In the cmd folder of the CoNet distribution, there is an example for a bash script that runs the steps of the ensemble part of the pipeline published in PLoS Computational Biology 8, e1002606. The example bash script uses input data from the third CoNet tutorial. It assumes that it is located in a folder that has two sub-folders "Input" and "Output", where input files (input matrix and metadata) are located in the input folder and the output files will be written to the output folder. Don't forget to give the script execution permission (chmod 755 cooc.sh).

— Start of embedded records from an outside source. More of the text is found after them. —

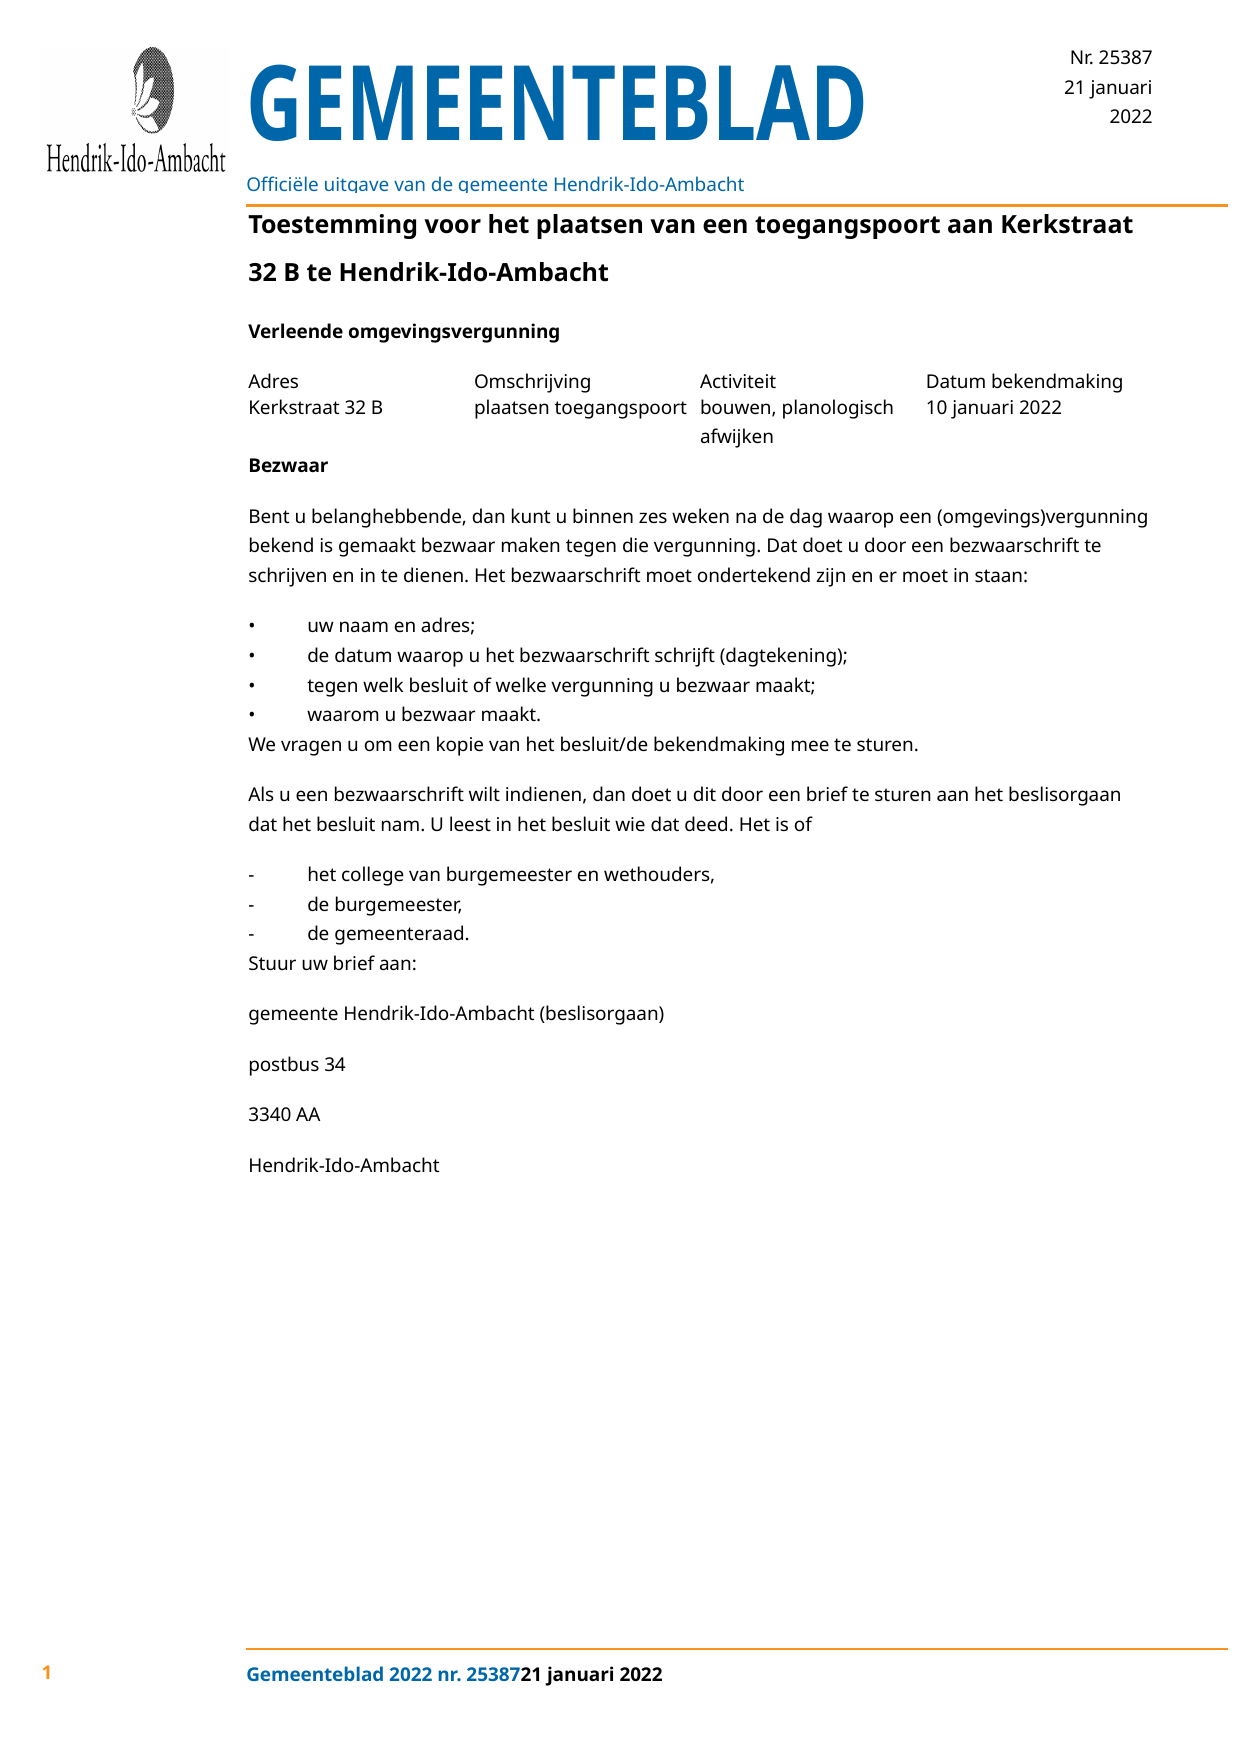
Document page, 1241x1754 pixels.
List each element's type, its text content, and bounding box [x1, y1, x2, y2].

text gemeente Hendrik-Ido-Ambacht (beslisorgaan) [248, 1001, 1152, 1026]
list waarom u bezwaar maakt. [248, 701, 1152, 727]
text 3340 AA [248, 1101, 1152, 1127]
text Bent u belanghebbende, dan kunt u binnen zes weken na de dag waarop een (omgevings)vergunning bekend is gemaakt bezwaar maken tegen die vergunning. Dat doet u door een bezwaarschrift te schrijven en in te dienen. Het bezwaarschrift moet ondertekend zijn en er moet in staan: [248, 503, 1152, 588]
text Bezwaar [248, 453, 1152, 478]
text Toestemming voor het plaatsen van een toegangspoort aan Kerkstraat 32 B te Hendrik-Ido-Ambacht [248, 207, 1152, 288]
text Verleende omgevingsvergunning [248, 318, 1152, 344]
text Hendrik-Ido-Ambacht [248, 1152, 1152, 1178]
text Stuur uw brief aan: [248, 950, 1152, 976]
text Als u een bezwaarschrift wilt indienen, dan doet u dit door een brief te sturen aan het beslisorgaan dat het besluit nam. U leest in het besluit wie dat deed. Het is of [248, 781, 1152, 837]
list de gemeenteraad. [248, 921, 1152, 946]
table_header Omschrijving [474, 369, 700, 394]
text postbus 34 [248, 1051, 1152, 1077]
table_cell Kerkstraat 32 B [248, 394, 474, 449]
list de datum waarop u het bezwaarschrift schrijft (dagtekening); [248, 642, 1152, 668]
table_cell bouwen, planologisch afwijken [700, 394, 926, 449]
table_header Activiteit [700, 369, 926, 394]
picture [41, 47, 231, 172]
list tegen welk besluit of welke vergunning u bezwaar maakt; [248, 672, 1152, 698]
table_header Adres [248, 369, 474, 394]
table_cell 10 januari 2022 [926, 394, 1152, 449]
list het college van burgemeester en wethouders, [248, 861, 1152, 887]
table_header Datum bekendmaking [926, 369, 1152, 394]
list de burgemeester, [248, 891, 1152, 917]
text We vragen u om een kopie van het besluit/de bekendmaking mee te sturen. [248, 731, 1152, 757]
list uw naam en adres; [248, 613, 1152, 638]
table_cell plaatsen toegangspoort [474, 394, 700, 449]
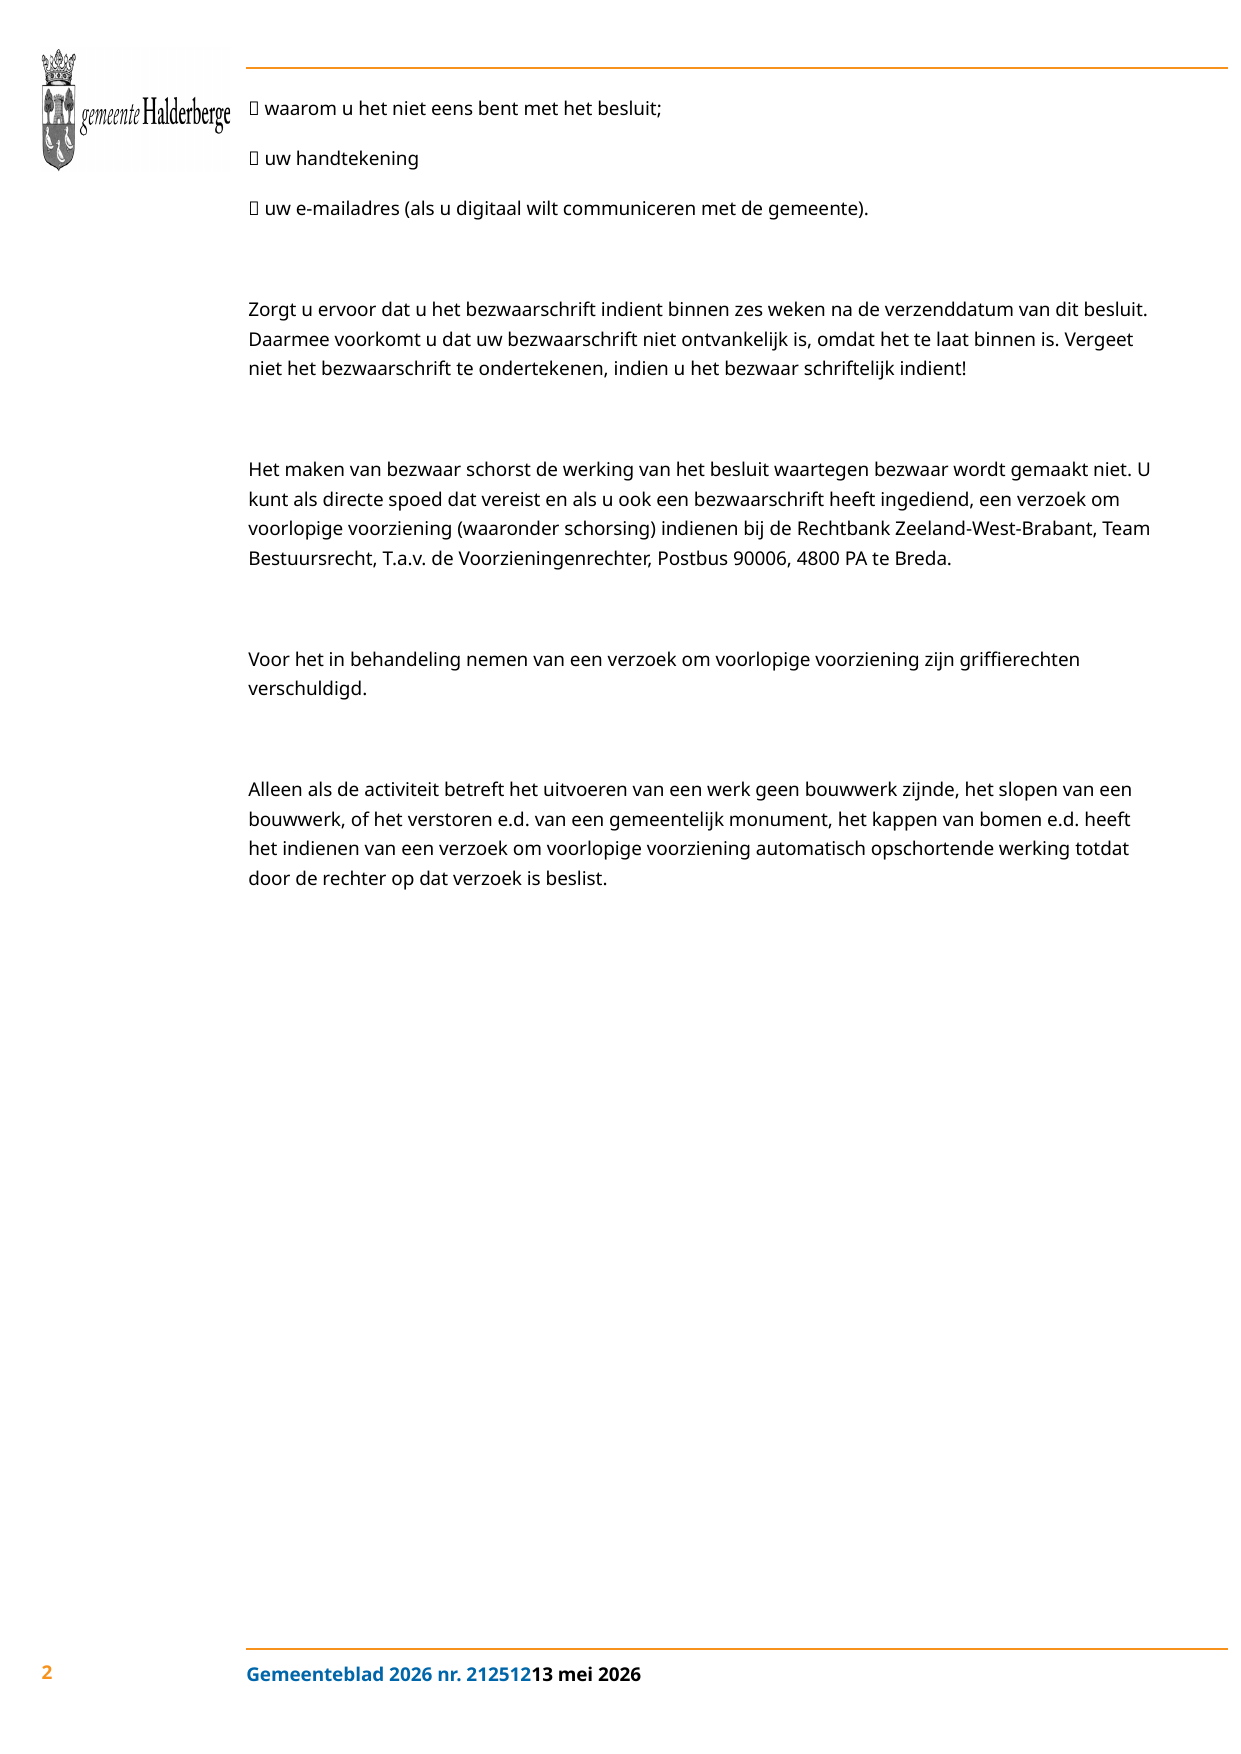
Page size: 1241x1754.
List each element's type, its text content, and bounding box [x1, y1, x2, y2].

text  waarom u het niet eens bent met het besluit; [248, 95, 1152, 121]
text  uw handtekening [248, 145, 1152, 171]
text Het maken van bezwaar schorst de werking van het besluit waartegen bezwaar wordt gemaakt niet. U kunt als directe spoed dat vereist en als u ook een bezwaarschrift heeft ingediend, een verzoek om voorlopige voorziening (waaronder schorsing) indienen bij de Rechtbank Zeeland-West-Brabant, Team Bestuursrecht, T.a.v. de Voorzieningenrechter, Postbus 90006, 4800 PA te Breda. [248, 456, 1152, 571]
text Alleen als de activiteit betreft het uitvoeren van een werk geen bouwwerk zijnde, het slopen van een bouwwerk, of het verstoren e.d. van een gemeentelijk monument, het kappen van bomen e.d. heeft het indienen van een verzoek om voorlopige voorziening automatisch opschortende werking totdat door de rechter op dat verzoek is beslist. [248, 776, 1152, 891]
text Zorgt u ervoor dat u het bezwaarschrift indient binnen zes weken na de verzenddatum van dit besluit. Daarmee voorkomt u dat uw bezwaarschrift niet ontvankelijk is, omdat het te laat binnen is. Vergeet niet het bezwaarschrift te ondertekenen, indien u het bezwaar schriftelijk indient! [248, 296, 1152, 381]
picture [41, 47, 231, 172]
text  uw e-mailadres (als u digitaal wilt communiceren met de gemeente). [248, 196, 1152, 221]
text Voor het in behandeling nemen van een verzoek om voorlopige voorziening zijn griffierechten verschuldigd. [248, 646, 1152, 701]

The bash script runs all required network construction steps in one go, that is computation of initial thresholds, generation of renormalized permutation and bootstrap scores and final network construction. The renormalized permutation score computation is the longest step, it takes around 5 minutes on an 8GB RAM machine.
You can run a first test by setting PERMUT, BOOT and RESTORE to false and enabling COMPUTE_THRESHOLDS and TEST instead.
If you want to enable CLUSTER, make sure you have the SGE cluster management system installed. Then, add required cluster options to the CoNetConfig.txt and CoNetConfigBoot.txt configuration files. Both configuration files should specify the location of the CoNet jar file (lib_dir and jar_file) as well as the requested job number (job_num) and memory (memory). The CoNetConfig.txt configuration file should in addition point to the location of the directory where temporary permutation score files will be saved (tmp_dir). Likewise, the CoNetConfigBoot.txt configuration file should point to a different location, where temporary bootstrap score files will be saved. Note that in case you keep temporary score files (keep_tmpscores=true), you can restore random score distributions from these files using option --restorefromscorefolder later on.